OPINION:
Only in a society as schizophrenic as ours could we fail to acknowledge the centrality of fathers in the lives of their children.
Whenever there’s a mass shooting, we obsess about the number of guns on the street, while ignoring the growing absence of fathers in the home.
A study of 25 of the most publicized school shootings between 1999 and 2018 showed 75% of the shooters came from broken homes.
For boys, the absence of a father leads to a damaged sense of identity. Instead of learning lessons like respect for others and self-control from their dads, they seek to assert their masculinity through violence.
Criminologists Michael Gottfredson and Travis Hirschi found the absence of fathers to be “one of the most powerful predictors of crime.” Of young men in prison, 90% grew up without a father.
Rapper Tupac Shakur, who was murdered in 1996, wrote: “I know for a fact that had I had a father, I’d have some discipline. I’d have more confidence. Your mother can’t calm you down the way a man can.” Growing up without a father to guide him, Mr. Shakur gravitated to street gangs.
The existentialist philosopher Albert Camus, who also grew up fatherless, wrote in a manuscript discovered after his death: “I need someone to guide me. I need someone to praise me, to chastise me not with his power, but with his authority. I need my father.”
Who could be more dissimilar than a rapper and a French philosopher? Yet there’s the same longing, the same hunger, for the father’s love they never had.
In 2018, the Census Bureau estimated there were 19.5 million children in America growing up without a father in their home — or one in four.
In terms of child development, the absence of a father affects practically everything. Without a father, a child is four times more likely to live in poverty. He’s twice as likely to drop out of school and do poorly if he stays. A girl is seven times more likely to become pregnant as a teen.
Deprived of a father, a child is also more likely to suffer from alcoholism, drug addiction and even obesity.
Mothers and fathers teach different life lessons. Mothers teach love and security. Fathers teach striving and discipline. Both are necessary to create an adult prepared to face the challenges of the world.
And yet, fatherlessness metastasizes, aided by government and the culture.
When the Moynihan Report was published in 1965, only 25% of African American households were single-parent. Now, thanks in part to the War on Poverty, it’s two-thirds. Non-Hispanic whites are catching up — 24% of their households are single-parent.
Feminists worked hard to turn fathers into useless appendages — with no-fault divorce, same-sex marriage and their war on the so-called patriarchy. If you grew up in the 1950s, you probably remember “Father Knows Best,” with Robert Young as the wise, benevolent dad who always put his family first. We’ve gone from that to “Deadbeat Dads,” Al Bundy and Homer Simpson.
Even in commercials, fathers are portrayed as well-meaning but hapless schnooks who can’t even figure out how to change a baby’s diaper.
Gay marriage has accelerated the trend of disposable fathers. We’re told, in all seriousness, that two women can serve the same function as a man and a woman in the home.
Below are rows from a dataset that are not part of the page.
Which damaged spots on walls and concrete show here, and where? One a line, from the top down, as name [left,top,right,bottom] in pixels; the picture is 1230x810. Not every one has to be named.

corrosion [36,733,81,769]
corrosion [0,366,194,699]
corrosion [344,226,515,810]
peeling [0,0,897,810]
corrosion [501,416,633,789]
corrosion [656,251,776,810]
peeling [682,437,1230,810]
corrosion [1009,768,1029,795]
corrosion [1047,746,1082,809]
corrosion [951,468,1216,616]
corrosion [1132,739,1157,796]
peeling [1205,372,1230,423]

Women don’t have to be persuaded to be mothers. The child grew in their bodies for nine months. Often, they fed it at their breast. The bonding is there from the start and grows over time.
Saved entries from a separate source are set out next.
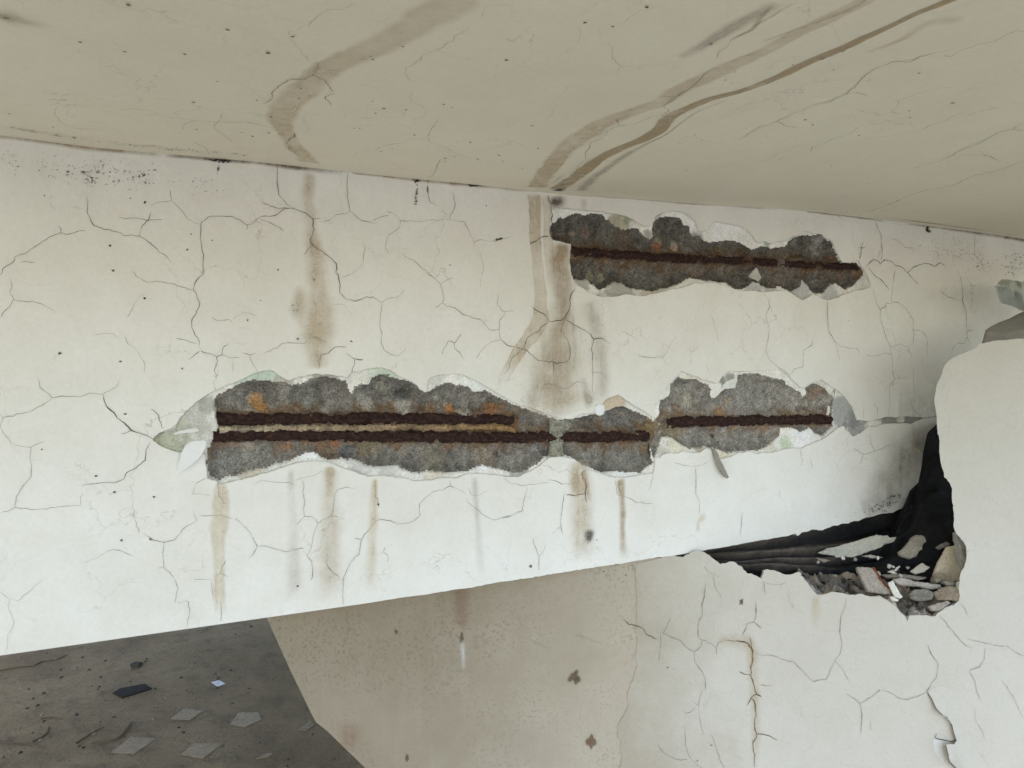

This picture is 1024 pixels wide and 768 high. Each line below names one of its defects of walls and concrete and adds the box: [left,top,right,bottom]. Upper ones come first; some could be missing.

leakage [529,0,955,235]
crack [0,29,747,400]
spalling [549,207,869,300]
corrosion [570,246,859,270]
crack [737,31,1021,464]
crack [0,379,170,512]
corrosion [213,411,650,444]
spalling [153,367,935,484]
corrosion [666,414,834,429]
crack [84,470,587,626]
spalling [797,568,958,618]
crack [623,567,938,767]

A man lacks that attachment. It’s society’s job to make men feel responsible for their offspring. In this regard, religion helps. But there are powerful forces working against paternal responsibility.
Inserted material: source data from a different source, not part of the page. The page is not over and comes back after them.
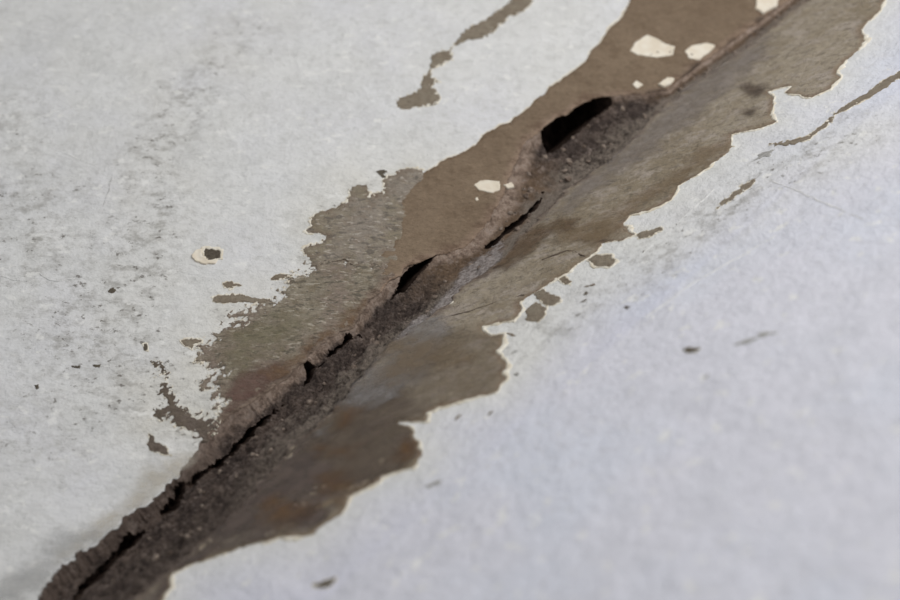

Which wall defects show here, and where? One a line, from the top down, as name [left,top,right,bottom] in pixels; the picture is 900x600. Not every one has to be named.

damp [741,84,763,95]
peeling [754,71,900,160]
peeling [150,0,803,443]
peeling [146,433,173,456]
crack [38,191,544,600]
damp [150,219,574,600]
peeling [311,577,337,589]

The state has become a substitute father. It provides an income, medical care and sustenance. Why should lower-income fathers feel a sense of responsibility when they know government is there to take their place? If you give men a pass, many will take it.
My own father has been gone for 27 years. Rarely does a day goes by when I don’t think of him.
He grew up in an immigrant family in a tenement in Brooklyn. Part of the Greatest Generation, he was soft-spoken and patient. He taught by example. His lessons were hard work, fairness and love of family. He was the best man I’ve ever known.
I grieve for children who grow up without a father.
• Don Feder is a former Boston Herald writer and syndicated columnist.